▸ **WORK REQUEST**
Write the records out again exactly, leaving no images in.

▸ **EXERCISE DATA**
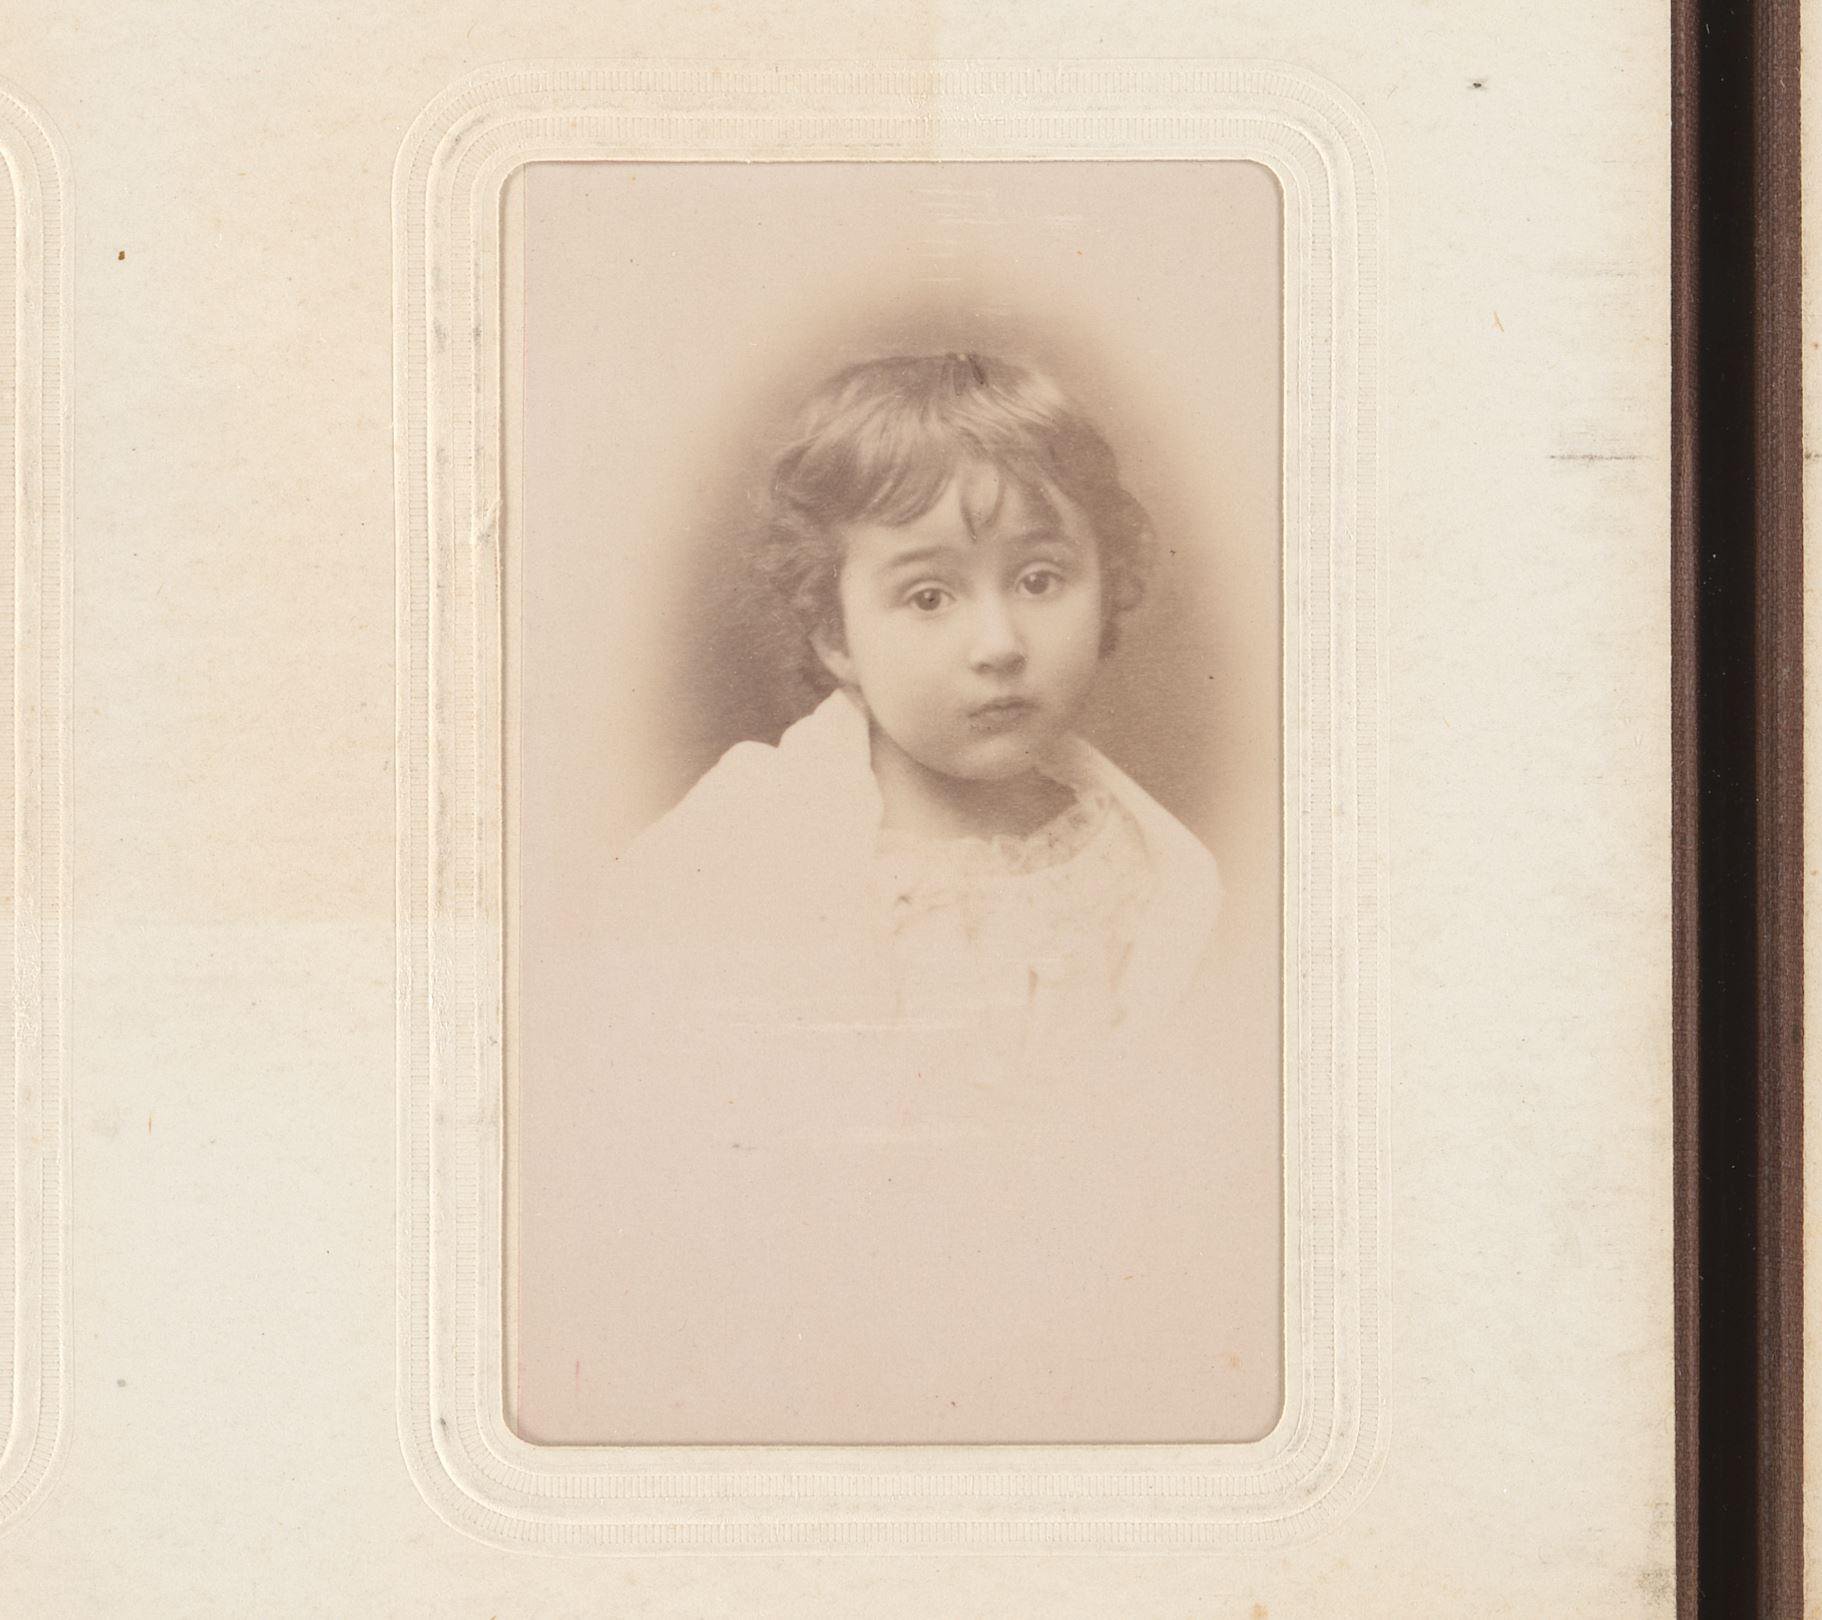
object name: photograph
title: Portret van een kind
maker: Anonymous
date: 1865-1900
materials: cardboard, paper
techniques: albumen print
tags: child, historical persons
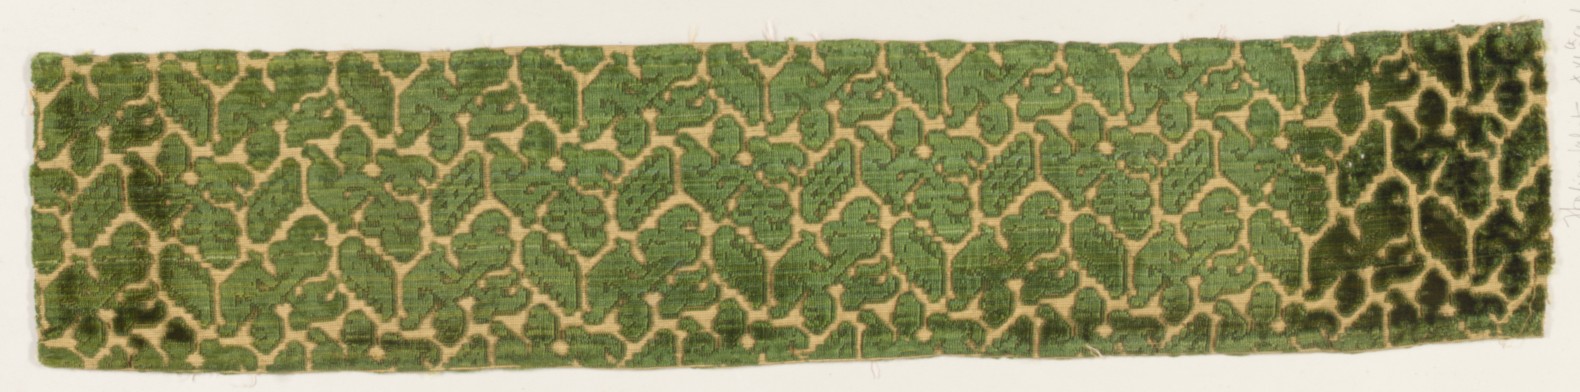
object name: fragment
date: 1501-1600
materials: silk
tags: leaves
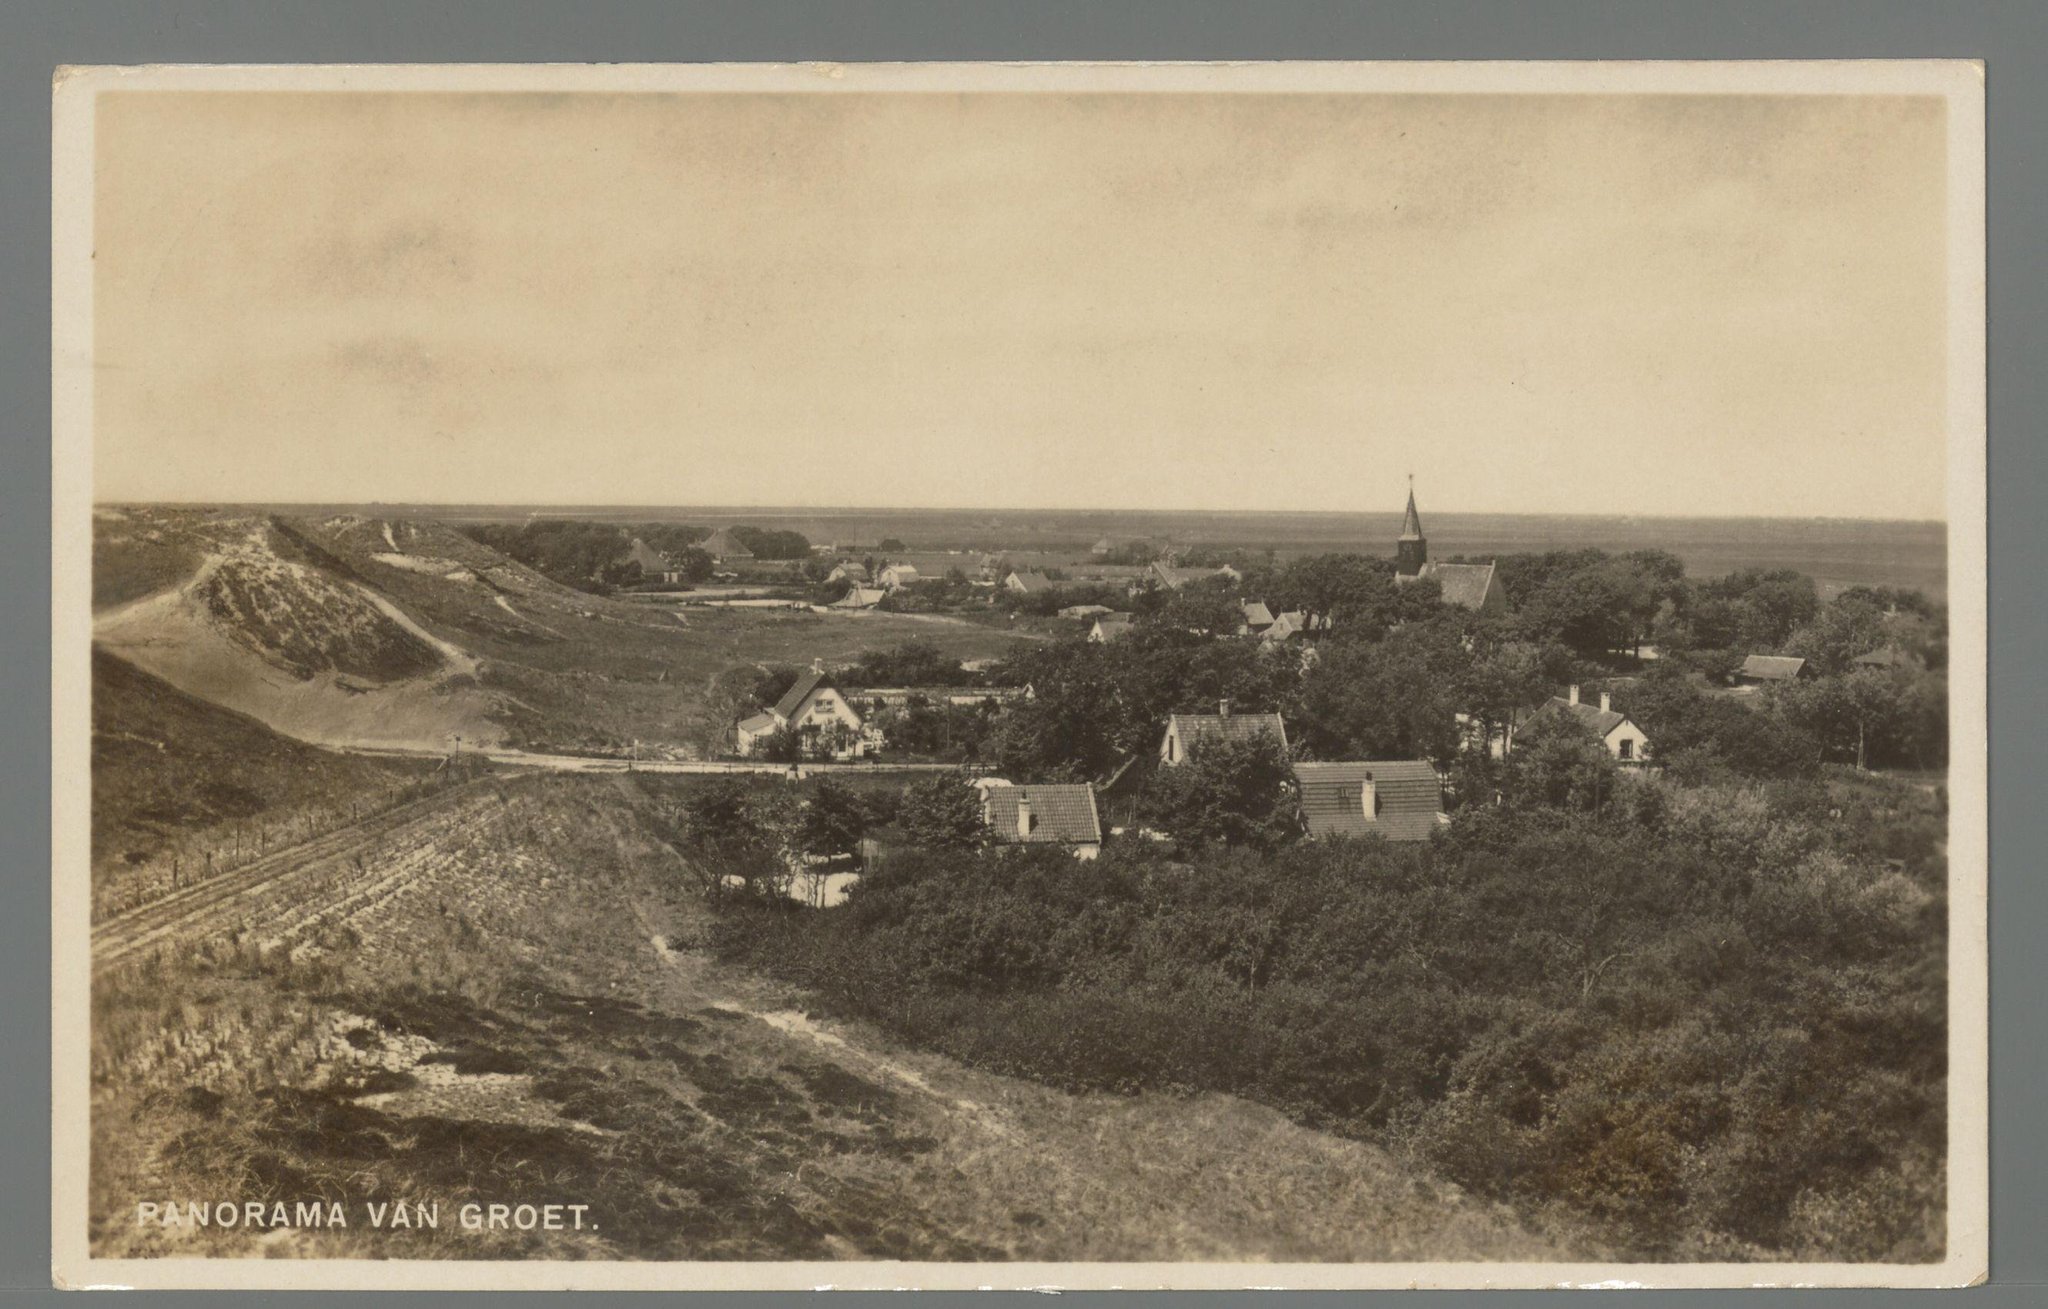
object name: photograph
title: PANORAMA VAN GROET.
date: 1929-1935
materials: photographic support
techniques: photography, writing
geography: schoorl
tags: city-view, and landscape with man-made constructions, dunes (sea not visible); in the dunes
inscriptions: postage stamp

▸ **RESPONSE TO THIS EXERCISE**
object name: photograph
title: Portret van een kind
maker: Anonymous
date: 1865-1900
materials: cardboard, paper
techniques: albumen print
tags: child, historical persons
object name: fragment
date: 1501-1600
materials: silk
tags: leaves
object name: photograph
title: PANORAMA VAN GROET.
date: 1929-1935
materials: photographic support
techniques: photography, writing
geography: schoorl
tags: city-view, and landscape with man-made constructions, dunes (sea not visible); in the dunes
inscriptions: postage stamp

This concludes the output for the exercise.